◆ What to work on: After reading each line of the entries, give the number of lines that contain "clamp" and nothing else.
*** Task input Section Begins ***
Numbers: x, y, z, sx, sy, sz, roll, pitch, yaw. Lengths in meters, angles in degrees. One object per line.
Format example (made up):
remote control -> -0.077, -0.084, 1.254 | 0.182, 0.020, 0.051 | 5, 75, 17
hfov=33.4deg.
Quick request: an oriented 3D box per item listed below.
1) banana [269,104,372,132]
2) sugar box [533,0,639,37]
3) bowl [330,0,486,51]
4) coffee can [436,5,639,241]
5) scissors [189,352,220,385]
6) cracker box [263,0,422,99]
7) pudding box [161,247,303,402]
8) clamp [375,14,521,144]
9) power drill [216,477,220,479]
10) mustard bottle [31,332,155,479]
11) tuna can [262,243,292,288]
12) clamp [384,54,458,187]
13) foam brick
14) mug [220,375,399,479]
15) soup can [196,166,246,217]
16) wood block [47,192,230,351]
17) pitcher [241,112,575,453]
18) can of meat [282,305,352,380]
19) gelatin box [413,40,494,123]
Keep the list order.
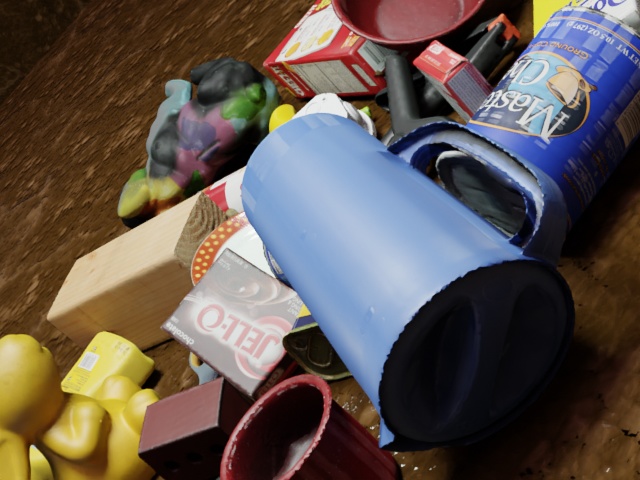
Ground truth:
*** Task input Section Ends ***
◆ Exercise response: 2